Levy said he wouldn’t have worried about the cost if his insurance had
paid it. But Levy’s plan required him to reach a $5,000 deductible
before his insurance plan paid a dime. So Levy looked online and
discovered the machine actually cost about $500.
Levy said he called At Home Medical to ask if he could avoid the rental
fee and pay $500 up front for the machine, and a company representative
said no. “I’m being overcharged simply because I have insurance,” Levy
recalled protesting.
Levy refused to pay the rental fees. “At no point did I ever agree to
enter into a monthly rental subscription,” he wrote in a letter
disputing the charges. He asked for documentation supporting the cost.

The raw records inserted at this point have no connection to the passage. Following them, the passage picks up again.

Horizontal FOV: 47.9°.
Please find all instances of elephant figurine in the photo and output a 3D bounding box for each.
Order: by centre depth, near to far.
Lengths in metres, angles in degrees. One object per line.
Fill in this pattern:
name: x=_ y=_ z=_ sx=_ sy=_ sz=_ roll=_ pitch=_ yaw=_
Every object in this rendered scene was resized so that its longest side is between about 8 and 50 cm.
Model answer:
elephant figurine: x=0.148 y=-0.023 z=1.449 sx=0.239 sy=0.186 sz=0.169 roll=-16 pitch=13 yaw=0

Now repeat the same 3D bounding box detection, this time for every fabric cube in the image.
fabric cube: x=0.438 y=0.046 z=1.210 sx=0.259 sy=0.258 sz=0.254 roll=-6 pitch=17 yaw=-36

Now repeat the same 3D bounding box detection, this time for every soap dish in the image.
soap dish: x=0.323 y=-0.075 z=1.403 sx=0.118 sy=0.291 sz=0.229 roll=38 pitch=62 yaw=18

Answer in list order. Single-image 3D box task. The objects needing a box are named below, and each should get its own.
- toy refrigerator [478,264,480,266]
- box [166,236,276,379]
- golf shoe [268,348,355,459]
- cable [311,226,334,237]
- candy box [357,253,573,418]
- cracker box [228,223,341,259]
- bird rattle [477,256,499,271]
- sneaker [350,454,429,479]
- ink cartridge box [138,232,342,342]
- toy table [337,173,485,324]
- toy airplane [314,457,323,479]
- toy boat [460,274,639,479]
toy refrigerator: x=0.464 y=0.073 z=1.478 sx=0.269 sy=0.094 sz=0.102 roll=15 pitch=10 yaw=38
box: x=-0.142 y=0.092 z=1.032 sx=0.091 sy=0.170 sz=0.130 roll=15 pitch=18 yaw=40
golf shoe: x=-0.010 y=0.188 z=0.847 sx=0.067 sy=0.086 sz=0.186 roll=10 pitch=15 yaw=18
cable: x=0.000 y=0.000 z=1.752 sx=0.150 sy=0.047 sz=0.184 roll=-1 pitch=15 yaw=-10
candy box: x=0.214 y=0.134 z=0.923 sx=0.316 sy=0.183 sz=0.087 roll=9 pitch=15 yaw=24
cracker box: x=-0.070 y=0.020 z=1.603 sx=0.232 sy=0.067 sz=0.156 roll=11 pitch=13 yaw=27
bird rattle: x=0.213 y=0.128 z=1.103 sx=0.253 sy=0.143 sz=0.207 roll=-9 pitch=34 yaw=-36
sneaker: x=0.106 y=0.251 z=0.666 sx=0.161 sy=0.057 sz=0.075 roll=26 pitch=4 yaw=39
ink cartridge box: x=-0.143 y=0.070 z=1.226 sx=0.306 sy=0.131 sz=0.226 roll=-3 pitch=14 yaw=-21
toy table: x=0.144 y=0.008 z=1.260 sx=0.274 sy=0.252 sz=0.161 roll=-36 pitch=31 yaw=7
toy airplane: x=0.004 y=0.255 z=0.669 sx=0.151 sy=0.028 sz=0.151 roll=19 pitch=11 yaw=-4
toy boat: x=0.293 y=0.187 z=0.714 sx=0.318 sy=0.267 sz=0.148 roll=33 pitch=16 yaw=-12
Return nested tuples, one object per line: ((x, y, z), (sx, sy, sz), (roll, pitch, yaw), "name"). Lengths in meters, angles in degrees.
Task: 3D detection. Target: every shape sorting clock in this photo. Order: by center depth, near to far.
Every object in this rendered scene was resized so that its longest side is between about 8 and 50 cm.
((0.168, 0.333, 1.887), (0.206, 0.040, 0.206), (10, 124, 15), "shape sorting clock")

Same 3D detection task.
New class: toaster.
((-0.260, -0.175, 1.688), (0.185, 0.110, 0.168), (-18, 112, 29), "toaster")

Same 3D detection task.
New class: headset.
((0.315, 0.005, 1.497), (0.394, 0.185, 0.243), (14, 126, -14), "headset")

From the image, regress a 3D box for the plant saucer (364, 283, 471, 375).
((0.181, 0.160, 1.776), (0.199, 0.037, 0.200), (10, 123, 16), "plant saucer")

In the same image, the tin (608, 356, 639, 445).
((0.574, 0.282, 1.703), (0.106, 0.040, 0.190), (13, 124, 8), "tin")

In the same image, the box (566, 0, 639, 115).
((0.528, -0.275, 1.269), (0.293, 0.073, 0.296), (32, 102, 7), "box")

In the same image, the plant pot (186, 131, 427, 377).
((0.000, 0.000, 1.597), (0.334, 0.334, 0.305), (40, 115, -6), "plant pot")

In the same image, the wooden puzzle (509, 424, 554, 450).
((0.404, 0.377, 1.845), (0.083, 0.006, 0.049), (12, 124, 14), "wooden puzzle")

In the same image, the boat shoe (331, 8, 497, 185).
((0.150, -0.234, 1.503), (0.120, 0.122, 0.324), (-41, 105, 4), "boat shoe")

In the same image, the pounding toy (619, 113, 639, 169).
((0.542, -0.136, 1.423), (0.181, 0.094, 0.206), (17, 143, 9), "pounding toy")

The company responded that he was being billed under the provisions of
his insurance carrier.
Levy’s law practice focuses, ironically, on defending insurance
companies in personal injury cases. So he sued At Home Medical, accusing
the company of violating the New Jersey Consumer Fraud Act. Levy didn’t
expect the case to go to trial. “I knew they were going to have to spend
thousands of dollars on attorney’s fees to defend a claim worth hundreds
of dollars,” he said.
Sure enough, At Home Medical, agreed to allow Levy to pay $600 — still
more than the retail cost — for the machine.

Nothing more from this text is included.